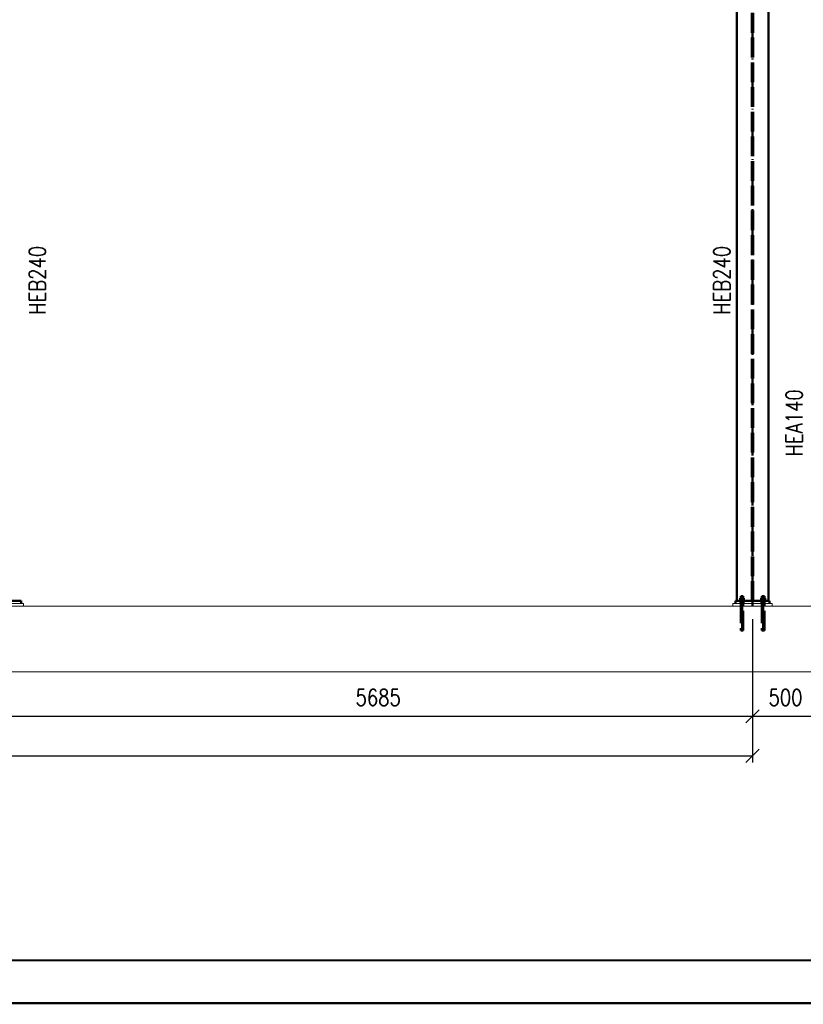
# Paper-space layout 'Layout1' of a CAD drawing. Extents: x -2 to 1243, y -36 to 596.
# Tile 22 of 132: x 310 to 429, y 0 to 149. Entities that reach past the tile are written whole.
import ezdxf
from ezdxf.enums import TextEntityAlignment as Align

# ---------------------------------------------------------------- set-up
doc = ezdxf.new("R2010")
doc.units = 0
doc.linetypes.add('ACAD_ISO02W100', pattern=[15, 12, -3])
doc.linetypes.add('ACAD_ISO04W100', pattern=[30.5, 24, -3, 0.5, -3])
doc.layers.get('0').update_dxf_attribs({"linetype": 'CONTINUOUS'})
doc.layers.get('DEFPOINTS').update_dxf_attribs({"color": 132, "linetype": 'CONTINUOUS'})
doc.layers.add('RAMECEK_HP', color=251, linetype='CONTINUOUS')
for name, color, linetype, lineweight in [('SS_1.ET-HALA_TaO-PODLAHA', 9, 'CONTINUOUS', 13), ('SS_2.ET-HALA_TaO-VESTAVBA_A1÷B2-PODLITI', 9, 'CONTINUOUS', 5), ('SS_2.ET-HALA_TaO-VESTAVBA_A1÷B2-VAZBA', 200, 'CONTINUOUS', 50), ('SS_KOTY', 3, 'CONTINUOUS', 25), ('SS_POPIS_PROFILU', 13, 'CONTINUOUS', 25)]:
    doc.layers.add(name, color=color, linetype=linetype, lineweight=lineweight)
doc.styles.add('ROMANS', font='romans.shx', dxfattribs={"width": 0.8})
doc.styles.add('romans.shx', font='romans.shx', dxfattribs={"height": 5})
doc.dimstyles.new('A-1_(2.5)_50AS', dxfattribs={"dimtxt": 2.5, "dimasz": 2, "dimexe": 1, "dimexo": 2, "dimgap": 0, "dimtad": 0, "dimdec": 1, "dimlfac": 50, "dimrnd": 1, "dimtxsty": 'ROMANS', "dimblk1": 'OBLIQUE', "dimblk2": 'OBLIQUE', "dimsah": 1, "dimcen": 2, "dimclrd": 256, "dimclre": 256, "dimclrt": 256, "dimadec": 1, "dimazin": 2, "dimtfac": 0.714286, "dimtdec": 1, "dimtmove": 0, "dimatfit": 3, "dimldrblk": 'OPEN', "dimfxl": 1, "dimtvp": 1.142857, "dimtfill": 1, "dimtolj": 1, "dimlwd": -1, "dimlwe": -1, "dimarcsym": 0})

# ---------------------------------------------------------------- blocks, each defined once
blk = doc.blocks.new('*U6')
at = {"layer": 'RAMECEK_HP', "lineweight": 35, "const_width": 0.35}
for points in [[(0, 594), (0, 0), (1051, 0), (1051, 594)], [(6.5, 587.5), (6.5, 6.5), (1044.5, 6.5), (1044.5, 587.5)]]:
    blk.add_lwpolyline(points, close=True, dxfattribs=at)
at = {"layer": 'DEFPOINTS', "style": 'ROMANS', "width": 0.8}
blk.add_attdef('TISK', text='', height=10, dxfattribs=at).set_placement((1051, -33), align=Align.RIGHT)
blk = doc.blocks.new('_Oblique')
at = {"color": 0, "linetype": 'ByBlock', "lineweight": -2}
blk.add_line((-0.5, -0.5), (0.5, 0.5), dxfattribs=at)
blk = doc.blocks.new('*D36')
at = {"layer": 'DEFPOINTS', "color": 0, "transparency": 16777216}
for p in [(307.94, 60.28, 8771), (421.64, 60.28, 8771), (421.64, 43.55)]:
    blk.add_point(p, dxfattribs=at)
at = {"layer": 'SS_KOTY', "transparency": 16777216}
for p, q in [((307.94, 58.28), (307.94, 42.55)), ((421.64, 58.28), (421.64, 42.55)), ((307.94, 43.55), (421.64, 43.55))]:
    blk.add_line(p, q, dxfattribs=at)
at = {"layer": 'SS_KOTY', "transparency": 16777216, "xscale": 2, "yscale": 2, "zscale": 2, "rotation": 180}
blk.add_blockref('_Oblique', (307.94, 43.55), dxfattribs=at)
at = {"layer": 'SS_KOTY', "transparency": 16777216, "xscale": 2, "yscale": 2, "zscale": 2}
blk.add_blockref('_Oblique', (421.64, 43.55), dxfattribs=at)
at = {"layer": 'SS_KOTY', "transparency": 16777216, "insert": (364.79, 46.4), "char_height": 2.5, "attachment_point": 5, "style": 'ROMANS', "bg_fill": 3, "box_fill_scale": 1.1, "bg_fill_color": 256, "bg_fill_true_color": 13158600, "bg_fill_transparency": 0}
blk.add_mtext('\\A1;5685', dxfattribs=at)
blk = doc.blocks.new('_OPEN')
at = {"color": 0, "linetype": 'ByBlock'}
for p, q in [((-1, 0.167), (0, 0)), ((0, 0), (-1, -0.167)), ((0, 0), (-1, 0))]:
    blk.add_line(p, q, dxfattribs=at)
blk = doc.blocks.new('*D37')
at = {"layer": 'DEFPOINTS', "color": 0, "transparency": 16777216}
for p in [(421.64, 60.28, 8771), (431.64, 60.28, 8774.8), (431.64, 43.55)]:
    blk.add_point(p, dxfattribs=at)
at = {"layer": 'SS_KOTY', "transparency": 16777216}
for p, q in [((421.64, 58.28), (421.64, 42.55)), ((431.64, 58.28), (431.64, 42.55)), ((421.64, 43.55), (431.64, 43.55))]:
    blk.add_line(p, q, dxfattribs=at)
at = {"layer": 'SS_KOTY', "transparency": 16777216, "xscale": 2, "yscale": 2, "zscale": 2, "rotation": 180}
blk.add_blockref('_Oblique', (421.64, 43.55), dxfattribs=at)
at = {"layer": 'SS_KOTY', "transparency": 16777216, "xscale": 2, "yscale": 2, "zscale": 2}
blk.add_blockref('_Oblique', (431.64, 43.55), dxfattribs=at)
at = {"layer": 'SS_KOTY', "transparency": 16777216, "insert": (426.64, 46.4), "char_height": 2.5, "attachment_point": 5, "style": 'ROMANS', "bg_fill": 3, "box_fill_scale": 1.1, "bg_fill_color": 256, "bg_fill_true_color": 13158600, "bg_fill_transparency": 0}
blk.add_mtext('\\A1;500', dxfattribs=at)
blk = doc.blocks.new('*D39')
at = {"layer": 'DEFPOINTS', "color": 0, "transparency": 16777216}
for p in [(80.74, 60.28), (421.64, 60.28, 8771), (421.64, 37.55)]:
    blk.add_point(p, dxfattribs=at)
at = {"layer": 'SS_KOTY', "transparency": 16777216}
for p, q in [((80.74, 58.28), (80.74, 36.55)), ((421.64, 58.28), (421.64, 36.55)), ((80.74, 37.55), (421.64, 37.55))]:
    blk.add_line(p, q, dxfattribs=at)
at = {"layer": 'SS_KOTY', "transparency": 16777216, "xscale": 2, "yscale": 2, "zscale": 2, "rotation": 180}
blk.add_blockref('_Oblique', (80.74, 37.55), dxfattribs=at)
at = {"layer": 'SS_KOTY', "transparency": 16777216, "xscale": 2, "yscale": 2, "zscale": 2}
blk.add_blockref('_Oblique', (421.64, 37.55), dxfattribs=at)
at = {"layer": 'SS_KOTY', "transparency": 16777216, "insert": (251.19, 40.4), "char_height": 2.5, "attachment_point": 5, "style": 'ROMANS', "bg_fill": 3, "box_fill_scale": 1.1, "bg_fill_color": 256, "bg_fill_true_color": 13158600, "bg_fill_transparency": 0}
blk.add_mtext('\\A1;17045', dxfattribs=at)

psp = doc.layouts.get("Layout1")

# ---------------------------------------------------------------- linework, layer by layer
at = {"layer": 'SS_2.ET-HALA_TaO-VESTAVBA_A1÷B2-VAZBA', "color": 3, "linetype": 'ACAD_ISO02W100', "ltscale": 0.25}
for p, q in [((421.5423, 61.082), (421.5423, 153.042)), ((421.7423, 61.082), (421.7423, 153.042)), ((420.0423, 61.462), (419.7426, 61.462)), ((419.7426, 61.462), (419.7426, 61.142)), ((419.8575, 61.782), (419.8423, 61.782)), ((419.8423, 61.782), (419.8423, 61.462)), ((419.9009, 61.782), (419.8575, 61.782)), ((419.9657, 61.782), (419.9009, 61.782)), ((420.0423, 61.782), (419.9657, 61.782)), ((420.1188, 61.782), (420.0423, 61.782)), ((420.3419, 61.462), (420.0423, 61.462)), ((420.0423, 61.462), (420.0423, 61.142)), ((420.1837, 61.782), (420.1188, 61.782)), ((420.2271, 61.782), (420.1837, 61.782)), ((420.2423, 61.782), (420.2271, 61.782)), ((420.2423, 61.462), (420.2423, 61.782)), ((420.3419, 61.142), (420.3419, 61.462)), ((423.2423, 61.462), (422.9426, 61.462)), ((422.9426, 61.462), (422.9426, 61.142)), ((423.0575, 61.782), (423.0423, 61.782)), ((423.0423, 61.782), (423.0423, 61.462)), ((423.1009, 61.782), (423.0575, 61.782)), ((423.1657, 61.782), (423.1009, 61.782)), ((423.2423, 61.782), (423.1657, 61.782)), ((423.3188, 61.782), (423.2423, 61.782)), ((423.5419, 61.462), (423.2423, 61.462)), ((423.2423, 61.462), (423.2423, 61.142)), ((423.3837, 61.782), (423.3188, 61.782)), ((423.4271, 61.782), (423.3837, 61.782)), ((423.4423, 61.782), (423.4271, 61.782)), ((423.4423, 61.462), (423.4423, 61.782)), ((423.5419, 61.142), (423.5419, 61.462)), ((419.6723, 61.142), (419.6794, 61.142)), ((419.6723, 61.142), (419.6723, 61.082)), ((419.6794, 61.142), (419.7004, 61.142)), ((419.7004, 61.142), (419.7346, 61.142)), ((419.7346, 61.142), (419.7806, 61.142)), ((419.7806, 61.142), (419.8367, 61.142)), ((419.8367, 61.142), (419.9007, 61.142)), ((419.9007, 61.142), (419.9701, 61.142)), ((419.9701, 61.142), (420.0423, 61.142)), ((420.0423, 61.142), (420.1145, 61.142)), ((420.1145, 61.142), (420.1839, 61.142)), ((420.1839, 61.142), (420.2478, 61.142)), ((420.2478, 61.142), (420.3039, 61.142)), ((420.3039, 61.142), (420.3499, 61.142)), ((420.3499, 61.142), (420.3841, 61.142)), ((420.3841, 61.142), (420.4052, 61.142)), ((420.4052, 61.142), (420.4123, 61.142)), ((420.4123, 61.082), (420.4123, 61.142)), ((422.8723, 61.142), (422.8794, 61.142)), ((422.8723, 61.142), (422.8723, 61.082)), ((422.8794, 61.142), (422.9004, 61.142)), ((422.9004, 61.142), (422.9346, 61.142)), ((422.9346, 61.142), (422.9806, 61.142)), ((422.9806, 61.142), (423.0367, 61.142)), ((423.0367, 61.142), (423.1007, 61.142)), ((423.1007, 61.142), (423.1701, 61.142)), ((423.1701, 61.142), (423.2423, 61.142)), ((423.2423, 61.142), (423.3145, 61.142)), ((423.3145, 61.142), (423.3839, 61.142)), ((423.3839, 61.142), (423.4478, 61.142)), ((423.4478, 61.142), (423.5039, 61.142)), ((423.5039, 61.142), (423.5499, 61.142)), ((423.5499, 61.142), (423.5841, 61.142)), ((423.5841, 61.142), (423.6052, 61.142)), ((423.6052, 61.142), (423.6123, 61.142)), ((423.6123, 61.082), (423.6123, 61.142))]:
    psp.add_line(p, q, dxfattribs=at)
at = {"layer": 'SS_2.ET-HALA_TaO-VESTAVBA_A1÷B2-VAZBA', "color": 1, "linetype": 'Continuous', "ltscale": 0.25}
for p, q in [((419.2423, 61.082), (419.2423, 152.282)), ((424.0423, 152.282), (424.0423, 61.082)), ((310.5423, 61.082), (305.3423, 61.082)), ((424.2423, 61.082), (419.0423, 61.082))]:
    psp.add_line(p, q, dxfattribs=at)
at = {"layer": 'SS_2.ET-HALA_TaO-VESTAVBA_A1÷B2-VAZBA', "color": 7, "linetype": 'ACAD_ISO04W100', "ltscale": 0.25}
for p, q in [((420.4123, 61.282), (419.6723, 61.282)), ((423.6123, 61.282), (422.8723, 61.282))]:
    psp.add_line(p, q, dxfattribs=at)

# ---------------------------------------------------------------- block references
at = {"layer": 'RAMECEK_HP'}
psp.add_blockref('*U6', (0, 0), dxfattribs=at)

# ---------------------------------------------------------------- texts
at = {"layer": 'SS_POPIS_PROFILU', "color": 13, "style": 'romans.shx', "width": 0.8}
for s, p in [('HEB240', (314.283, 104.4987)), ('HEB240', (418.2213, 104.4987)), ('HEA140', (429.2213, 82.9882))]:
    psp.add_text(s, height=2.5, rotation=90, dxfattribs=at).set_placement(p)

# ---------------------------------------------------------------- next in the draw order: dimensions: what is measured, and where the dimension line sits
at = {"layer": 'SS_KOTY'}
dim = psp.add_linear_dim(base=(421.6423, 43.5453), p1=(307.9423, 60.282, 8771), p2=(421.6423, 60.282, 8771), dimstyle='A-1_(2.5)_50AS', override={"dimtmove": 1}, dxfattribs=at)
dim.commit()
dim.dimension.update_dxf_attribs({"geometry": '*D36', "text_midpoint": (364.7923, 46.4025)})

# ---------------------------------------------------------------- next in the draw order: dimensions: what is measured, and where the dimension line sits
dim = psp.add_linear_dim(base=(431.6423, 43.5453), p1=(421.6423, 60.282, 8771), p2=(431.6423, 60.282, 8774.8), dimstyle='A-1_(2.5)_50AS', override={"dimtmove": 1}, dxfattribs=at)
dim.commit()
dim.dimension.update_dxf_attribs({"geometry": '*D37', "text_midpoint": (426.6423, 46.4025)})

# ---------------------------------------------------------------- next in the draw order: linework, layer by layer
at = {"layer": 'SS_2.ET-HALA_TaO-VESTAVBA_A1÷B2-PODLITI', "ltscale": 0.25}
psp.add_line((424.6423, 60.282), (424.6423, 60.682), dxfattribs=at)
at = {"layer": 'SS_2.ET-HALA_TaO-VESTAVBA_A1÷B2-VAZBA', "color": 3, "linetype": 'ACAD_ISO02W100', "ltscale": 0.25}
for p, q in [((423.4423, 60.682), (423.4423, 61.082)), ((423.4423, 56.582), (423.4423, 60.682)), ((423.4623, 60.682), (423.4623, 61.082)), ((423.4086, 56.582), (423.4271, 56.582)), ((423.4271, 56.582), (423.4384, 56.582)), ((423.4384, 56.582), (423.4423, 56.582))]:
    psp.add_line(p, q, dxfattribs=at)
at = {"layer": 'SS_2.ET-HALA_TaO-VESTAVBA_A1÷B2-VAZBA', "color": 1, "linetype": 'Continuous', "ltscale": 0.25}
psp.add_line((424.2423, 61.082), (424.2423, 60.682), dxfattribs=at)

# ---------------------------------------------------------------- next in the draw order: dimensions: what is measured, and where the dimension line sits
at = {"layer": 'SS_KOTY'}
dim = psp.add_linear_dim(base=(421.6423, 37.5453), p1=(80.7423, 60.282), p2=(421.6423, 60.282, 8771), dimstyle='A-1_(2.5)_50AS', dxfattribs=at)
dim.commit()
dim.dimension.update_dxf_attribs({"geometry": '*D39', "text_midpoint": (251.1923, 40.4025)})

# ---------------------------------------------------------------- next in the draw order: linework, layer by layer
at = {"layer": 'SS_1.ET-HALA_TaO-PODLAHA', "ltscale": 0.25}
for p, q in [((563.2463, 60.282), (71.7423, 60.282)), ((71.7423, 50.282), (563.2463, 50.282))]:
    psp.add_line(p, q, dxfattribs=at)
at = {"layer": 'SS_2.ET-HALA_TaO-VESTAVBA_A1÷B2-PODLITI', "ltscale": 0.25}
for p, q in [((310.9423, 60.682), (304.9423, 60.682)), ((310.9423, 60.282), (310.9423, 60.682)), ((424.6423, 60.682), (418.6423, 60.682)), ((418.6423, 60.682), (418.6423, 60.282))]:
    psp.add_line(p, q, dxfattribs=at)
at = {"layer": 'SS_2.ET-HALA_TaO-VESTAVBA_A1÷B2-VAZBA', "color": 7, "linetype": 'ACAD_ISO04W100', "ltscale": 0.25}
for p, q in [((421.6423, 60.282), (421.6423, 181.082)), ((420.0423, 61.782), (420.0423, 56.582)), ((423.2423, 61.782), (423.2423, 56.582)), ((420.2423, 60.482), (419.8423, 60.482)), ((423.4423, 60.482), (423.0423, 60.482))]:
    psp.add_line(p, q, dxfattribs=at)
at = {"layer": 'SS_2.ET-HALA_TaO-VESTAVBA_A1÷B2-VAZBA', "color": 1, "linetype": 'Continuous', "ltscale": 0.25}
for p, q in [((310.5423, 60.682), (310.5423, 61.082)), ((419.0423, 61.082), (419.0423, 60.682))]:
    psp.add_line(p, q, dxfattribs=at)
at = {"layer": 'SS_2.ET-HALA_TaO-VESTAVBA_A1÷B2-VAZBA', "color": 3, "linetype": 'ACAD_ISO02W100', "ltscale": 0.25}
for p, q in [((419.8223, 61.082), (419.8223, 60.682)), ((419.8423, 61.082), (419.8423, 60.682)), ((419.8423, 60.682), (419.8423, 56.582)), ((420.2423, 60.682), (420.2423, 61.082)), ((420.2423, 56.582), (420.2423, 60.682)), ((420.2623, 60.682), (420.2623, 61.082)), ((423.0223, 61.082), (423.0223, 60.682)), ((423.0423, 61.082), (423.0423, 60.682)), ((423.0423, 60.682), (423.0423, 56.582)), ((419.8423, 56.582), (419.8461, 56.582)), ((419.8461, 56.582), (419.8575, 56.582)), ((419.8575, 56.582), (419.876, 56.582)), ((419.876, 56.582), (419.9009, 56.582)), ((419.9009, 56.582), (419.9312, 56.582)), ((419.9312, 56.582), (419.9657, 56.582)), ((419.9657, 56.582), (420.0033, 56.582)), ((420.0033, 56.582), (420.0423, 56.582)), ((420.0423, 56.582), (420.0813, 56.582)), ((420.0813, 56.582), (420.1188, 56.582)), ((420.1188, 56.582), (420.1534, 56.582)), ((420.1534, 56.582), (420.1837, 56.582)), ((420.1837, 56.582), (420.2086, 56.582)), ((420.2086, 56.582), (420.2271, 56.582)), ((420.2271, 56.582), (420.2384, 56.582)), ((420.2384, 56.582), (420.2423, 56.582)), ((423.0423, 56.582), (423.0461, 56.582)), ((423.0461, 56.582), (423.0575, 56.582)), ((423.0575, 56.582), (423.076, 56.582)), ((423.076, 56.582), (423.1009, 56.582)), ((423.1009, 56.582), (423.1312, 56.582)), ((423.1312, 56.582), (423.1657, 56.582)), ((423.1657, 56.582), (423.2033, 56.582)), ((423.2033, 56.582), (423.2423, 56.582)), ((423.2423, 56.582), (423.2813, 56.582)), ((423.2813, 56.582), (423.3188, 56.582)), ((423.3188, 56.582), (423.3534, 56.582)), ((423.3534, 56.582), (423.3837, 56.582)), ((423.3837, 56.582), (423.4086, 56.582))]:
    psp.add_line(p, q, dxfattribs=at)

doc.saveas('drawing.dxf')
_ _ _ _ _ _ _
Work task: Reproduce, exactly as they stand in the data above, the lines from the one that holds "# Tile 22 of" to the one that holds "doc.layers.add('RAMECEK_HP', color=251, linetype='CONTINUOUS')", inclusive.

Completed task:
# Tile 22 of 132: x 310 to 429, y 0 to 149. Entities that reach past the tile are written whole.
import ezdxf
from ezdxf.enums import TextEntityAlignment as Align

# ---------------------------------------------------------------- set-up
doc = ezdxf.new("R2010")
doc.units = 0
doc.linetypes.add('ACAD_ISO02W100', pattern=[15, 12, -3])
doc.linetypes.add('ACAD_ISO04W100', pattern=[30.5, 24, -3, 0.5, -3])
doc.layers.get('0').update_dxf_attribs({"linetype": 'CONTINUOUS'})
doc.layers.get('DEFPOINTS').update_dxf_attribs({"color": 132, "linetype": 'CONTINUOUS'})
doc.layers.add('RAMECEK_HP', color=251, linetype='CONTINUOUS')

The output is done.